An Arsonist as Fire Chief at the State Department?

Two incompatible views of the world have cohabited under the conservative label since the fall of Communism: a national-interest view that seeks to keep the insoluble problems of failing states at a distance from America, and a Utopian vision of a world remade in America’s image.


American voters puked out the Utopians in the Republican primaries, shunning every candidate who embraced the George W. Bush “Freedom Agenda” in favor of Donald Trump and Ted Cruz — the candidates who refused to carry the Bush administration’s foreign policy baggage. Trump said it best: the Iraq War was one of the dumbest things America ever did in foreign policy, the equivalent of “throwing rocks into a hornet’s nest.”

Grandiose blunders of this kind are not made out by stupidity, though, but by insanity. The American conservative movement was infected by a cult that eroded the common sense of its victims and instilled a messianic, fanatical commitment to nation-building and democracy promotion. What are broadly (and sometimes inaccurately) referred to as the “neo-conservatives” are a cult that succeeded in persuading the unfortunate George W. Bush to spend trillions in treasure and tens of thousands of casualties for the mirage of democracy in Iraq. Such was their influence that an entire generation of Republican foreign policy officials was vetted for cult loyalty.

The Bush administration incubated a generation of ideologues rather than diplomats who created the mess that is now the Middle East. Almost without exception, they backed Hillary Clinton over Donald Trump in the belief that Clinton would pursue Utopian globalism. They bitterly opposed Donald Trump’s national-interest realism.

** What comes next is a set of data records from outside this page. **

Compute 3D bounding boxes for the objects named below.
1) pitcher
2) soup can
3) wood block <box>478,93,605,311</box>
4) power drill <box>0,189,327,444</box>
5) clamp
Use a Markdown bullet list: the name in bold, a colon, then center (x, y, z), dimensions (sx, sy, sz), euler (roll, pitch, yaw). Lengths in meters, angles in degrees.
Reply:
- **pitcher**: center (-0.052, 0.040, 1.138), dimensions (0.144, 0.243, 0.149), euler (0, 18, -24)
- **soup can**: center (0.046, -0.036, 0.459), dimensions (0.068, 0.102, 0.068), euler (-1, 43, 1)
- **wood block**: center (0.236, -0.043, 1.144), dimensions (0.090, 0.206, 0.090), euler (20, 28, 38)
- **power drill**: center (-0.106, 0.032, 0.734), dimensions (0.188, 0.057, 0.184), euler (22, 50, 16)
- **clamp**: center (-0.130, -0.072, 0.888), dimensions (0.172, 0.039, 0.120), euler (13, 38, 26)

As a matter of public record, the most fanatical of these ideologues is Elliott Abrams, who ran the Middle East desk at Bush 43’s National Security Council. As Daniel DePetris reports at National Interest, Abrams denounced “Trump and Trumpism” throughout the campaign and declared that he would not vote for his party’s candidate because it was “a question of character and fitness to be Commander-in-Chief.”

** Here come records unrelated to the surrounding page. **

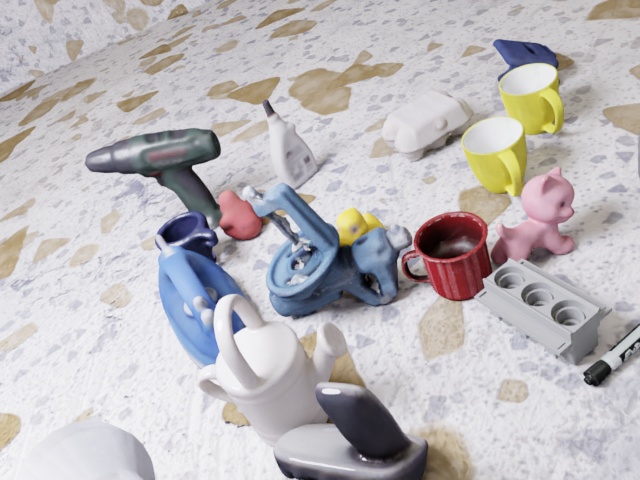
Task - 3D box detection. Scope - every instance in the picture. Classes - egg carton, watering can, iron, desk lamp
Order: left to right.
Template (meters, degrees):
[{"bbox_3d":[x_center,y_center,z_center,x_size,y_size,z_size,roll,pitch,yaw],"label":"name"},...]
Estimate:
[{"bbox_3d":[-0.147,0.269,0.509,0.202,0.214,0.118,10,49,37],"label":"desk lamp"},{"bbox_3d":[-0.160,0.091,0.791,0.119,0.142,0.257,-35,38,-12],"label":"iron"},{"bbox_3d":[-0.057,0.135,0.636,0.173,0.194,0.100,-28,37,-4],"label":"watering can"},{"bbox_3d":[0.188,-0.204,1.011,0.150,0.070,0.107,-31,37,-8],"label":"egg carton"}]

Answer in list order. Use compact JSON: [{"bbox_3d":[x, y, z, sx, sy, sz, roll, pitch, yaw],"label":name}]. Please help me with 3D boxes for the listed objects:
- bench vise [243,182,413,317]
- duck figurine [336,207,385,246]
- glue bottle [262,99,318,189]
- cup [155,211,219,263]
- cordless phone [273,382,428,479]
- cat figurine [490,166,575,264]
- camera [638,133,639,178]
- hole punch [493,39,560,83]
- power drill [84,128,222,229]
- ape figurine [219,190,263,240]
[{"bbox_3d":[0.004,-0.004,0.748,0.207,0.220,0.121,-26,37,-1],"label":"bench vise"},{"bbox_3d":[0.054,-0.010,0.838,0.077,0.086,0.105,1,44,30],"label":"duck figurine"},{"bbox_3d":[-0.064,-0.177,1.033,0.078,0.173,0.037,-42,40,-21],"label":"glue bottle"},{"bbox_3d":[-0.200,0.014,0.944,0.117,0.095,0.092,3,45,32],"label":"cup"},{"bbox_3d":[0.015,0.182,0.547,0.147,0.185,0.094,-4,42,25],"label":"cordless phone"},{"bbox_3d":[0.269,-0.031,0.717,0.128,0.118,0.067,-32,38,-10],"label":"cat figurine"},{"bbox_3d":[0.480,-0.100,0.696,0.143,0.101,0.137,-12,39,17],"label":"camera"},{"bbox_3d":[0.373,-0.325,1.036,0.101,0.091,0.108,-17,38,10],"label":"hole punch"},{"bbox_3d":[-0.270,-0.103,1.029,0.229,0.209,0.075,-20,37,7],"label":"power drill"},{"bbox_3d":[-0.143,-0.049,0.990,0.078,0.092,0.076,-31,37,-8],"label":"ape figurine"}]

The job of American foreign policy, Abrams has argued throughout the past two decades, is to promote democracy. Like the Bourbons in Talleyrand’s bon mot, he has learned nothing and forgotten nothing. As recently as Dec. 13, he wrote the following on the website of the Council on Foreign Relations:

When the Arab Spring began in 2011, supporters of democracy in the Middle East had widespread hopes that the region might turn a corner and move from autocracy to democracy. Those hopes have been realized reasonably well in Tunisia, which has seen free elections and the peaceful alternation of power between political parties. But many other Arab countries have cracked down on dissent and political speech.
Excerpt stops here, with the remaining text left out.